New York Senator Charles Schumer visited a manufacturing plant in Plattsburgh Wednesday to highlight the importance a the federal Export-Import Bank. The agency faces reauthorization when Congress returns to Washington and the Senator is urging support of what he calls one of the country’s most important job creation and retention programs.

Senator Charles Schumer was in Plattsburgh to tour the Swarovski Lighting plant.

The tour was part of the Democrat’s review of companies in New York that utilize the Export-Import Bank. Reauthorization of the agency is one of his top priorities when the Senate returns next week.

The senator was joined by local officials, manufacturers and businesses that support the bank. The small federal agency faces an uncertain future as some on the right question the need for the bank.  Senator Schumer noted that the plant he had just toured exports about 50 percent of its products and that is a similar situation with many businesses throughout the region and the state.  “One of the main objectives of the Export-Import Bank is to foster job growth and reduce the deficit at the same time. It provides financing to foreign companies that help them purchase American-made goods and manufacturing products. It always had bipartisan support. But now there’s a group in the Senate and in the House in particular who say we shouldn’t do this anymore. The Export-Import Bank is crucial to the success of local industry and many New York State companies.”

Swarovski Lighting employs about 400 people, 350 in Plattsburgh.  The company is owned by Swarovski Crystal, which is headquartered in Austria and Switzerland. The company has sales offices in Austria and Dubai and does significant business in Russia according to Senior Vice President for Global Lighting Peter Pelletier. He says they have increased export sales over the past couple of years, and if the Export-Import Bank is not reauthorized, sales could be lost.  “The bank provides financing to our customers who can’t get local financing. We insure our products with the bank too. So we get insurance coverage and we get financing for our customers to enhance our sales. Now if the bank were to go away, could our customers get financing somewhere else?  It’s possible.  They create a market for us in a country that otherwise we wouldn’t be able to sell to.”

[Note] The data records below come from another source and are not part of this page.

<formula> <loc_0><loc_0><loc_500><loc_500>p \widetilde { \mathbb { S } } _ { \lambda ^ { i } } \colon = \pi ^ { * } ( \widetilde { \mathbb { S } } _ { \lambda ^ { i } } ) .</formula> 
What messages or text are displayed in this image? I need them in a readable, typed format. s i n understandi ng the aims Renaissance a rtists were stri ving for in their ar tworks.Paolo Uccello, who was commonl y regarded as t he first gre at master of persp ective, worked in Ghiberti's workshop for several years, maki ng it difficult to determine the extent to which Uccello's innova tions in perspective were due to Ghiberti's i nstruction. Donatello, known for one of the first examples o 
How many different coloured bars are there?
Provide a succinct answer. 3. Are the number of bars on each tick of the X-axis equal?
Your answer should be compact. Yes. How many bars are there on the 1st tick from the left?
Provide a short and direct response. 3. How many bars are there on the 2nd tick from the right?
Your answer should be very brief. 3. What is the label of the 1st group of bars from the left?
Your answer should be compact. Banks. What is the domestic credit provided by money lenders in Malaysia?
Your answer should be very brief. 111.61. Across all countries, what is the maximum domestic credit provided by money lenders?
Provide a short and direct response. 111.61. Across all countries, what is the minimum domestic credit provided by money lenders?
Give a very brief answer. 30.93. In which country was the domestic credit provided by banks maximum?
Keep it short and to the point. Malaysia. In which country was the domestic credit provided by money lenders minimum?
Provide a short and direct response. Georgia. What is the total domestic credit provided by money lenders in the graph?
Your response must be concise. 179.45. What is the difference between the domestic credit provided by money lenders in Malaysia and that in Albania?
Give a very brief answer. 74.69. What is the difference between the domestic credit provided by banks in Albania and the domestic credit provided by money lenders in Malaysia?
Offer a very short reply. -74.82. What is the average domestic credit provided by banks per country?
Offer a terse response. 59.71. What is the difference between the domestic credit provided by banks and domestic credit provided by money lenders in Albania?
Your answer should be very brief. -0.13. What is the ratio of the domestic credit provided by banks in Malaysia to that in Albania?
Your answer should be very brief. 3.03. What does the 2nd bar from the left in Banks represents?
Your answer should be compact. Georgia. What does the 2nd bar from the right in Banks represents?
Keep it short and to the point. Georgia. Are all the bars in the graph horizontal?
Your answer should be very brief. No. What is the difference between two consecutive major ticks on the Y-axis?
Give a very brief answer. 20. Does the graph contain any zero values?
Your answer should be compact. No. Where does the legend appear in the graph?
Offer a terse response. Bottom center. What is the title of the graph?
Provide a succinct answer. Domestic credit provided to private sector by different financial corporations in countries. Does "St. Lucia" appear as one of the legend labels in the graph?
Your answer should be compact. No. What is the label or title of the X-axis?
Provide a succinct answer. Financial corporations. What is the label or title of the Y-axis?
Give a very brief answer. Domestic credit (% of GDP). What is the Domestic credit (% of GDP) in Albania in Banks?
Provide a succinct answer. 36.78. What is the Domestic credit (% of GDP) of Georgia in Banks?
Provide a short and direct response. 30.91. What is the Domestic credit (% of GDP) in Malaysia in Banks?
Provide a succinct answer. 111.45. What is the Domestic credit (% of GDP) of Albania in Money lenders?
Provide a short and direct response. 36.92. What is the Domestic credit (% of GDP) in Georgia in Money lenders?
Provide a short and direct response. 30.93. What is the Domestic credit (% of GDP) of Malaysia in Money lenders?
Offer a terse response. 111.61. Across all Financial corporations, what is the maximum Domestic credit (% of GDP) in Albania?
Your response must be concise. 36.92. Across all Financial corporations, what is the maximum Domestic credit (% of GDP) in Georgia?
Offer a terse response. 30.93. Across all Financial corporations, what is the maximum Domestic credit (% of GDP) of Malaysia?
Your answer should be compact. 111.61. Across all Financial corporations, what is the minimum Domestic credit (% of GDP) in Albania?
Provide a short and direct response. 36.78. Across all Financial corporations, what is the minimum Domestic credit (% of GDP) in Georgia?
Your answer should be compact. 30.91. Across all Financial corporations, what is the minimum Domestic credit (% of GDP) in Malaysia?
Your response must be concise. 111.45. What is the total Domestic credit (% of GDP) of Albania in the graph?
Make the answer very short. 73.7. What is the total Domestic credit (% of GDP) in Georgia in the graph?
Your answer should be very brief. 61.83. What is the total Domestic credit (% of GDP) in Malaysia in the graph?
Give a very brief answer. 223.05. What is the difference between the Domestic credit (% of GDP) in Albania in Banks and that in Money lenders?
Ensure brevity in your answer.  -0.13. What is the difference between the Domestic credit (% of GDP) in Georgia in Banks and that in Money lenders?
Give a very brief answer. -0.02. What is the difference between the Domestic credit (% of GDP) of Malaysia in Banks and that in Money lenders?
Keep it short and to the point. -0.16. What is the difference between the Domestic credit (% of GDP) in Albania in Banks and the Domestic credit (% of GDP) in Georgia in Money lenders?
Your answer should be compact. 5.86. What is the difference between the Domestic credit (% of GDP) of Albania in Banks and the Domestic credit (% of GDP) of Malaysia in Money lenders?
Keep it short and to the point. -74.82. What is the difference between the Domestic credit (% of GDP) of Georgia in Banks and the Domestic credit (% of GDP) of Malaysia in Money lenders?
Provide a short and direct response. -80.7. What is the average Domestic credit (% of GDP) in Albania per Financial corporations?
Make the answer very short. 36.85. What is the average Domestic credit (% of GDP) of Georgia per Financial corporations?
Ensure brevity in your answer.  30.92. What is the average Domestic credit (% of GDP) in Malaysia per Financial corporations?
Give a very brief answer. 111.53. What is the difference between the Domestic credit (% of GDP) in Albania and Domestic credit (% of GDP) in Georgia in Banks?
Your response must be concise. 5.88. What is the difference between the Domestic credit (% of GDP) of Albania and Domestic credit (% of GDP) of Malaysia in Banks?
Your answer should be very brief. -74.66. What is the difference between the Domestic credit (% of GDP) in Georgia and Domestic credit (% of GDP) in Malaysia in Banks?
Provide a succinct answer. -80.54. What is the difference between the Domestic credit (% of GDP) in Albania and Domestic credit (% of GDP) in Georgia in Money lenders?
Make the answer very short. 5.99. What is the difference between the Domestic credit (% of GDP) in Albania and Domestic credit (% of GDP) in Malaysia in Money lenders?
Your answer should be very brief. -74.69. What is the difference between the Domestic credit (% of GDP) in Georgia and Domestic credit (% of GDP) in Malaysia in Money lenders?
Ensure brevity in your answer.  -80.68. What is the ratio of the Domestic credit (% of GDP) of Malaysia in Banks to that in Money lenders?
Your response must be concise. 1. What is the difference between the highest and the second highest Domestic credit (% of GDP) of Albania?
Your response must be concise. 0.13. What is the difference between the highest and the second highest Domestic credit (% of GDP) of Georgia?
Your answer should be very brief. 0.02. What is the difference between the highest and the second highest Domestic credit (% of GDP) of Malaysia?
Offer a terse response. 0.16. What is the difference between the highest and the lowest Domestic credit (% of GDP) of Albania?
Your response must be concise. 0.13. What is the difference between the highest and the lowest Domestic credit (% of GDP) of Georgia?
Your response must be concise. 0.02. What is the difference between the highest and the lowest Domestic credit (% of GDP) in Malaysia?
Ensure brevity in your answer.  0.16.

Plattco Corporation makes airlock valves and slide gates for industrial machinery. Inside Sales Manager Danielle Howard-Ross says the company survives on the export sales obtained through the Export-Import Bank.  “Thirty percent of our business, so a third of our workforce, depends on the jobs that are as a result of getting these export sales.  Our company’s seen significant growth over the last five years and we anticipate more growth over the next five years. The only way we’d be able to absorb the risk that we’d incur to deal with foreign customers would be through utilizing this bank.  If we don’t have this bank available to us it’ll stifle our growth potential.”  

Plattsburgh North Country Chamber of Commerce Vice President for Economic Development Susan Matton noted that the Export-Import Bank could be a good tool for many of the region’s businesses but is not a well-known government resource.  “To counteract that the Export-Import Bank as just signed an agreement with the Development Authority of the North Country to help to raise awareness of their services here in the North Country. We have businesses here that make so many things that can be, and are, sold worldwide.  All of these kinds of products are helping to bring new money into our economy here.”

The Export-Import bank authorization expires on September 30th. According to Schumer, the bank supported $6 billion in New York State exports over the last five years, including $26 million in Plattsburgh. Some 270 New York businesses directly benefitted from the bank between 2007 and 2014.